(Beginning of Provided records)

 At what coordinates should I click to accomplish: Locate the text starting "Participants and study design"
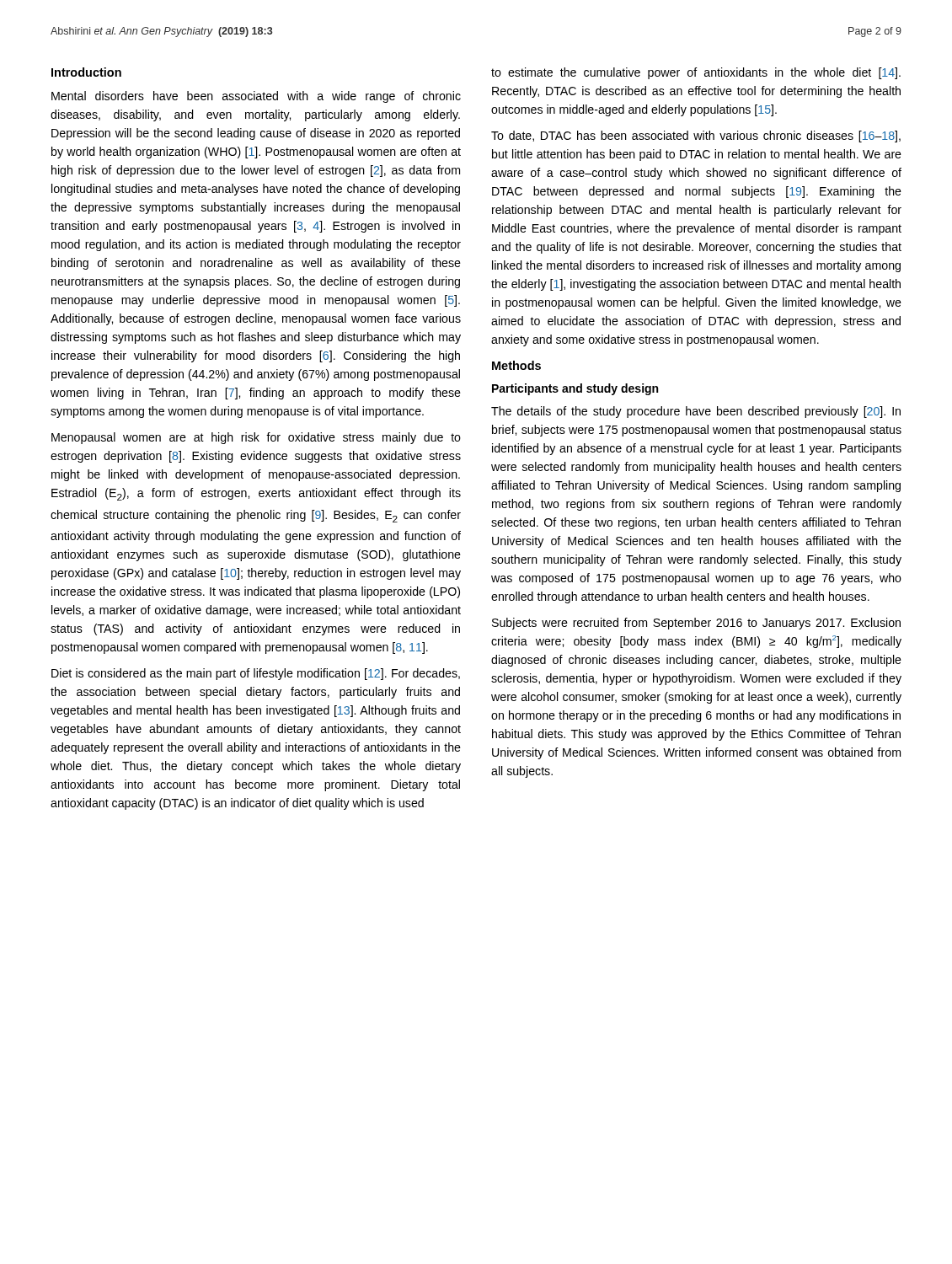tap(575, 389)
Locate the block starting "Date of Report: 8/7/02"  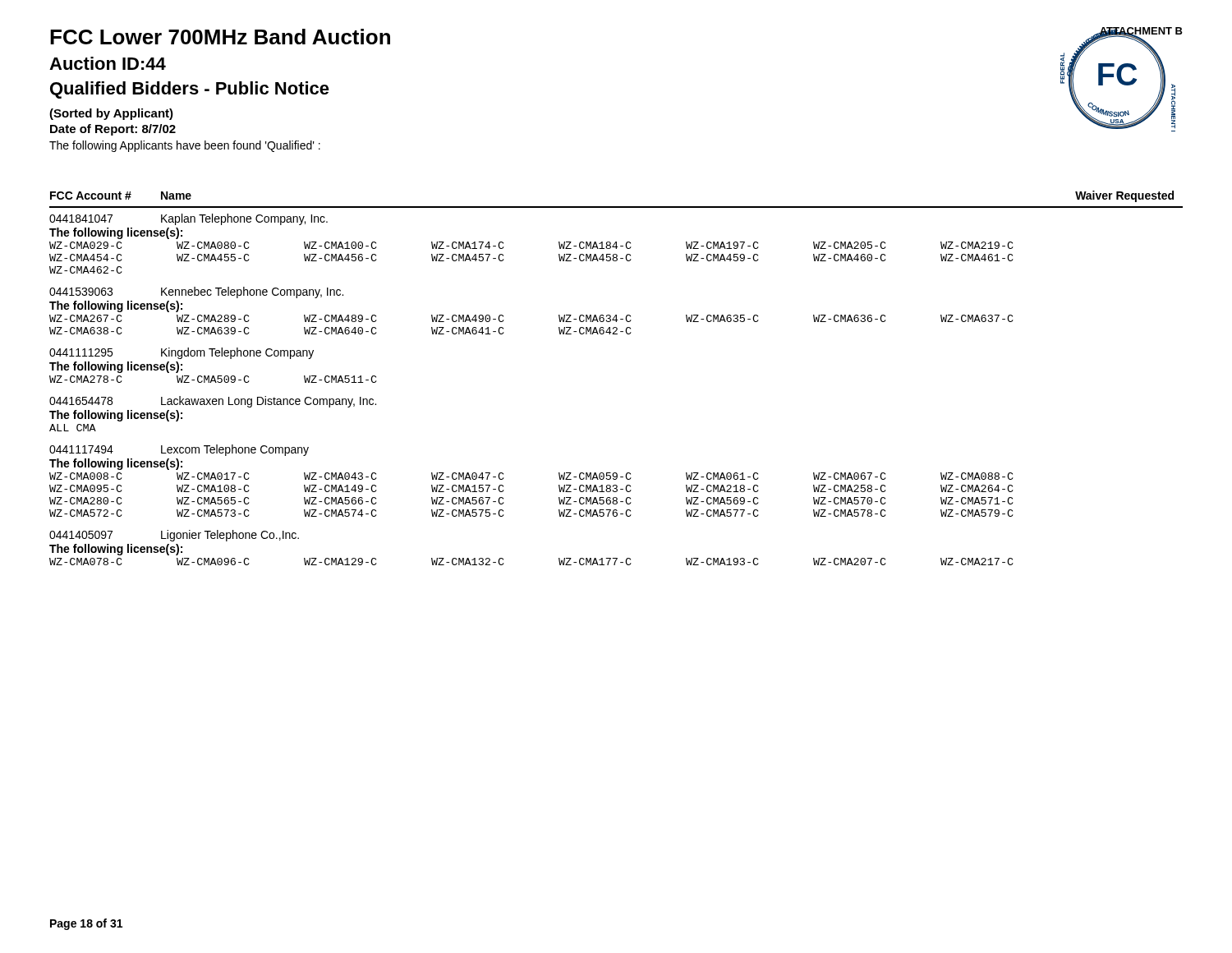coord(113,129)
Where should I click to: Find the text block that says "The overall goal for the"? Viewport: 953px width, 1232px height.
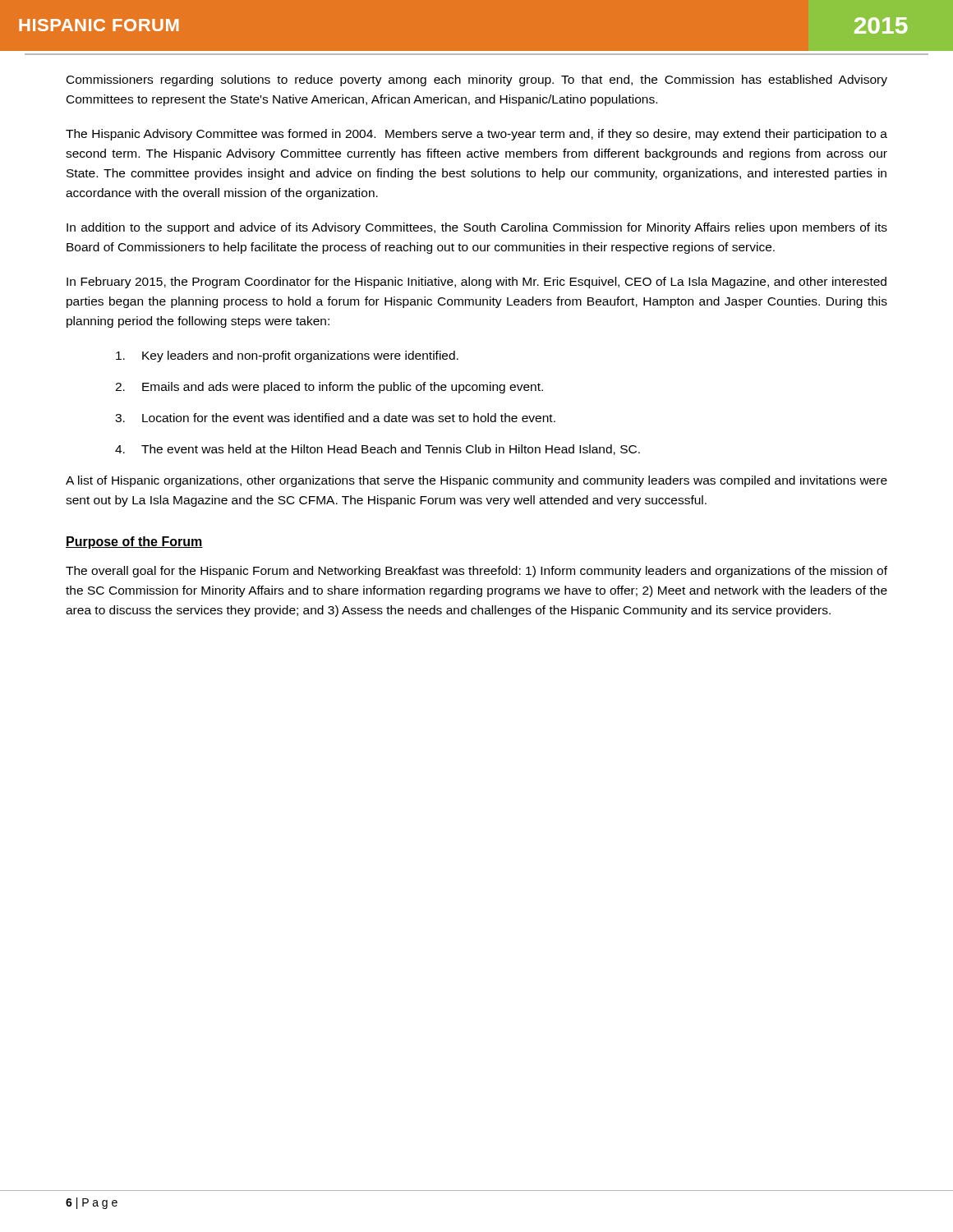[476, 590]
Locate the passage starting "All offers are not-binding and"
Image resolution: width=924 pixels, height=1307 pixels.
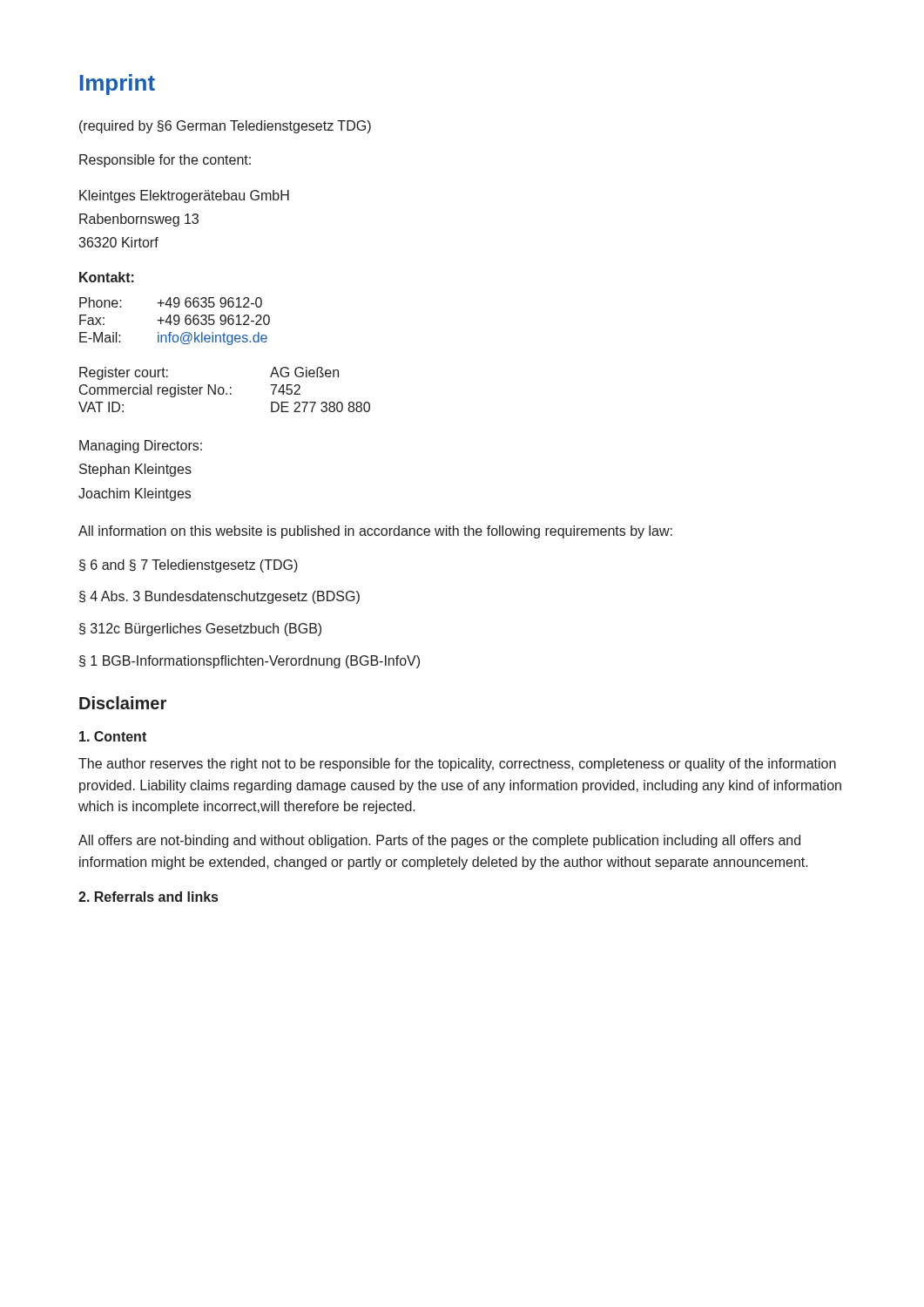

(End of Provided records)

**Instructions for the task:** An exact transcription is needed, covering the line with "Locate the passage" and every line after it to the end of the entries, but not the pictures.

**Task solution:**
Locate the passage starting "All offers are not-binding and"
Image resolution: width=924 pixels, height=1307 pixels.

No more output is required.